URBANEJA Achelpolh, Luis Manuel. "LAS HAZAÑAS DEL CHANGO CARPIO Y SIETECUEROS", en: El Cojo Ilustrado (Caracas) (338): 73-75, 15 de Enero de 1906.


Las hazañas de Chango Carpio y Sietecueros


    La noche y para más una lluvia menuda y copiosa los había sorprendido en el camino. A cada instante caían de un fangal en otro, pero los dos hombres llevaban con paciencia, sin proferir una queja los rigores del tiempo y el mal estado del camino. Así marchaban en medio la más completa oscuridad, cuando uno de ellos que se había metido hasta las rodillas en un barrizal dijo:
    - Chango, bueno es que nos amparemos en cualquier parte, aunque sea bajo una mata, porque así no adelantaremos nada en toda la santa noche.
    - Sietecueros, respondió el otro, para llevar agua como loro en estaca, mejor es aguantarla caminando; por lo menos, se tiene el cuerpo en calor.
    Y diciendo esto, Chango, cayó de bruces, cuan largo era en la mitad del camino. Se   había metido en un charco profundo, uno de esos hoyos pestilentes que por falta de profundos y espaciosos desagües se forman, poniendo en peligro a diario la vida de los viajeros, destrozando los carros, mancando el bestiaje y sobre todo engendrando el paludismo.

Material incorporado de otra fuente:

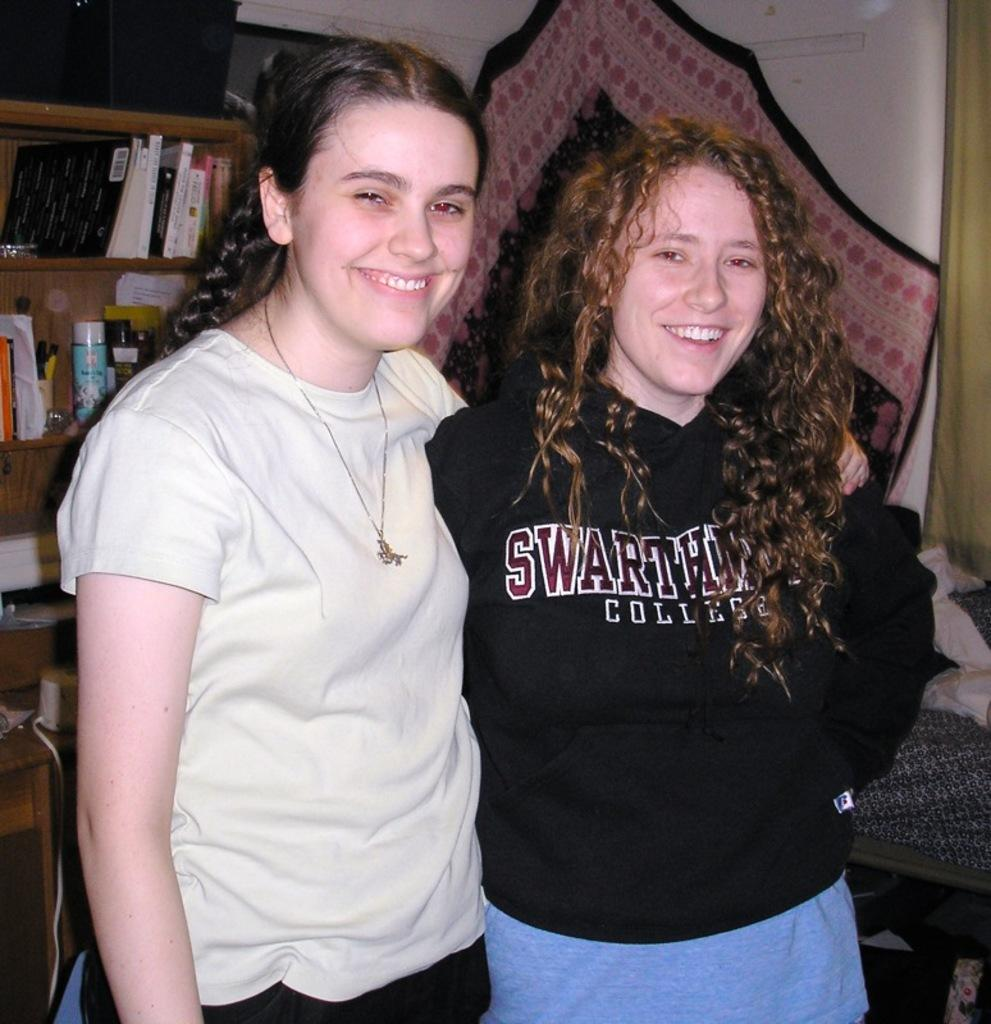How many women are in the image? There are two women in the image. What are the women doing in the image? The women are standing and smiling. What can be seen in the background of the image? In the background, there are clothes, books, objects in racks, a wall, a device, and other objects. What type of dinosaurs can be seen in the image? There are no dinosaurs present in the image. What color is the volleyball in the image? There is no volleyball present in the image. 
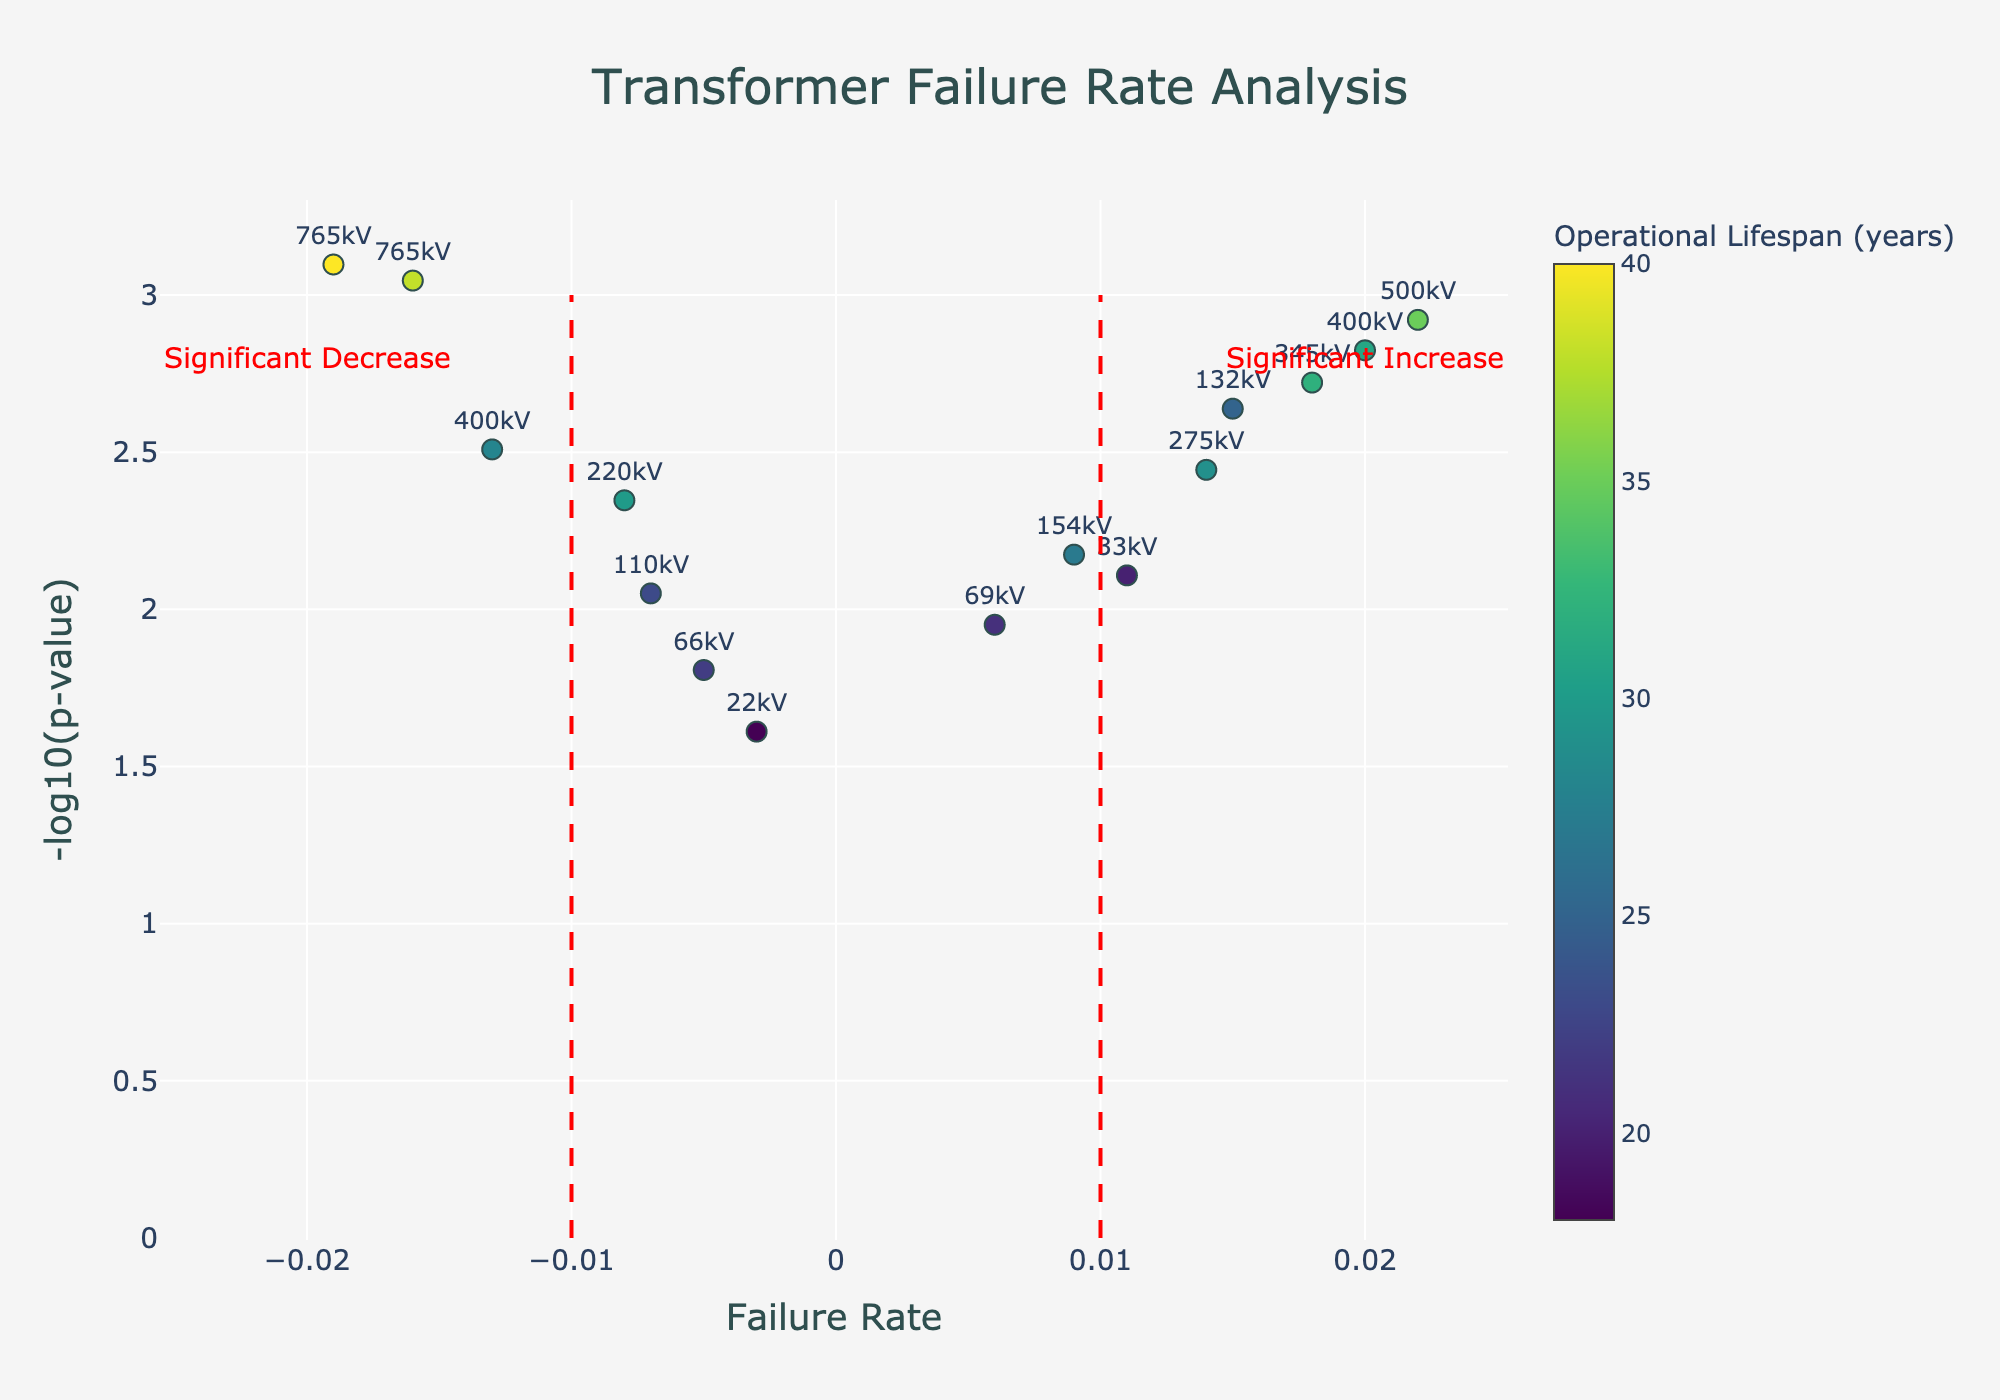What is the title of the plot? The title is clearly displayed at the top center of the plot. It reads "Transformer Failure Rate Analysis."
Answer: Transformer Failure Rate Analysis What do the x-axis and y-axis represent? The x-axis represents the failure rate, while the y-axis represents -log10(p-value). These descriptions are displayed next to each axis on the plot.
Answer: Failure rate and -log10(p-value) Which transformer has the highest operational lifespan, and what is its corresponding voltage rating? By examining the color gradient and hovertext when hovering over the data points, the transformer with the highest operational lifespan is Hitachi with a voltage rating of 765kV.
Answer: Hitachi, 765kV How many transformers have a failure rate greater than 0.01? Identify the points to the right of the vertical line at 0.01 on the x-axis. There are 6 such transformers.
Answer: 6 Which transformer data points indicate a statistically significant decrease in failure rate, and what are their voltage ratings? Data points on the left of the vertical line at -0.01 on the x-axis with high -log10(p-value) values indicate significant decrease. These are Siemens (220kV), Hitachi (765kV), Mitsubishi Electric (400kV), Hyosung (765kV), and Eaton (66kV).
Answer: Siemens, 220kV; Hitachi, 765kV; Mitsubishi Electric, 400kV; Hyosung, 765kV; Eaton, 66kV What is the failure rate of the transformer with the lowest p-value? The transformer with the lowest p-value can be determined by finding the highest point on the y-axis. This is Hitachi, with a failure rate of -0.019.
Answer: -0.019 Which transformer shows the largest failure rate? By examining the x-axis, the largest failure rate is at the extreme right point, which belongs to General Electric with a rate of 0.022.
Answer: General Electric Compare the operational lifespan of ABB and Schneider Electric transformers. Which one lasts longer, and by how many years? ABB has an operational lifespan of 25 years, while Schneider Electric has 20 years. So, ABB lasts 5 years longer.
Answer: ABB, 5 years How many transformers have a positive failure rate and a -log10(p-value) greater than 2? Identify points with a failure rate greater than 0 and a height on the y-axis greater than 2. There are 3 such transformers: ABB, General Electric, and Toshiba.
Answer: 3 Which company’s transformer data point is closest to the origin, and what is its voltage rating? The closest to the origin can be found by looking for the point near (0, 0). This is CG Power Systems with a voltage rating of 22kV.
Answer: CG Power Systems, 22kV

    Hecho una furia, se enderezó Chango, y sin dejar de patalear en el fangal con riesgo de volver a caer, exclamó, con todo el encono y odio que le cabían en el cuerpo:
- Maldita sea mi estampa!
- La del Gobierno, Chango, observó Sietecueros.

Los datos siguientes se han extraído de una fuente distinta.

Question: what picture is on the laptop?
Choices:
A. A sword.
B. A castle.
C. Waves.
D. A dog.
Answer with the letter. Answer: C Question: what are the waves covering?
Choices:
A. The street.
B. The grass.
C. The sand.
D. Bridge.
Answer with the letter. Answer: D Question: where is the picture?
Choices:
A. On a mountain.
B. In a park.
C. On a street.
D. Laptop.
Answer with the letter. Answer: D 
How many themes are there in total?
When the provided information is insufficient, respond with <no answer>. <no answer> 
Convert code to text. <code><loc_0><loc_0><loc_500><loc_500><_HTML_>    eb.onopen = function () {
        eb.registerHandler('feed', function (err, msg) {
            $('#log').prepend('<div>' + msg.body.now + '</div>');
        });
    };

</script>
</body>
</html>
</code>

- La del aguacero, repuso el aludido, pues, si no lloviera, no se pondría así el camino.
Y los dos hombres dando tumbos prosiguieron su camino en medio de la oscuridad y bajo la lluvia menuda y constante.

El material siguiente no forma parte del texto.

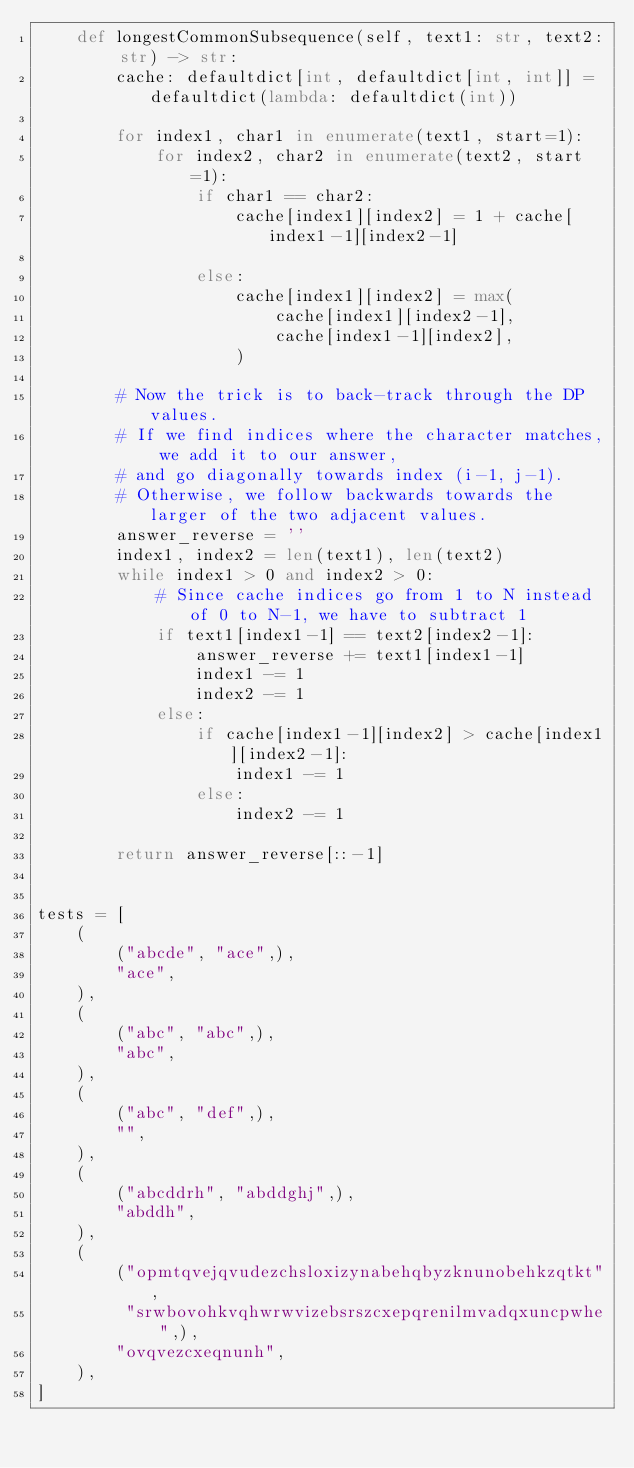<code> <loc_0><loc_0><loc_500><loc_500><_Python_>    def longestCommonSubsequence(self, text1: str, text2: str) -> str:
        cache: defaultdict[int, defaultdict[int, int]] = defaultdict(lambda: defaultdict(int))

        for index1, char1 in enumerate(text1, start=1):
            for index2, char2 in enumerate(text2, start=1):
                if char1 == char2:
                    cache[index1][index2] = 1 + cache[index1-1][index2-1]

                else:
                    cache[index1][index2] = max(
                        cache[index1][index2-1],
                        cache[index1-1][index2],
                    )

        # Now the trick is to back-track through the DP values.
        # If we find indices where the character matches, we add it to our answer,
        # and go diagonally towards index (i-1, j-1).
        # Otherwise, we follow backwards towards the larger of the two adjacent values.
        answer_reverse = ''
        index1, index2 = len(text1), len(text2)
        while index1 > 0 and index2 > 0:
            # Since cache indices go from 1 to N instead of 0 to N-1, we have to subtract 1
            if text1[index1-1] == text2[index2-1]:
                answer_reverse += text1[index1-1]
                index1 -= 1
                index2 -= 1
            else:
                if cache[index1-1][index2] > cache[index1][index2-1]:
                    index1 -= 1
                else:
                    index2 -= 1

        return answer_reverse[::-1]


tests = [
    (
        ("abcde", "ace",),
        "ace",
    ),
    (
        ("abc", "abc",),
        "abc",
    ),
    (
        ("abc", "def",),
        "",
    ),
    (
        ("abcddrh", "abddghj",),
        "abddh",
    ),
    (
        ("opmtqvejqvudezchsloxizynabehqbyzknunobehkzqtkt",
         "srwbovohkvqhwrwvizebsrszcxepqrenilmvadqxuncpwhe",),
        "ovqvezcxeqnunh",
    ),
]
</code>

No habían andado una milla, cuando sintieron un patalear de ganado y como a duras penas el uno al otro se distinguía, se detuvieron a  ver qué dirección traía aquel ruido. Más estaba tan cerca de ellos, que volviéndose a un lado, dieron con un corral de palo a pique, donde las reses para desentumecerse se propinaban sendos topetonazos y cornadas.
- Esto me huele a gente, exclamó Chango.
- Sí, estamos en el "Paradero", vale; todavía tenemos mucho que andar.
- Bueno, pero aquí echaremos una paradita, para no perder la maña.
Y encaminándose a la pulpería, fueron a sentarse en un pretil del soportal.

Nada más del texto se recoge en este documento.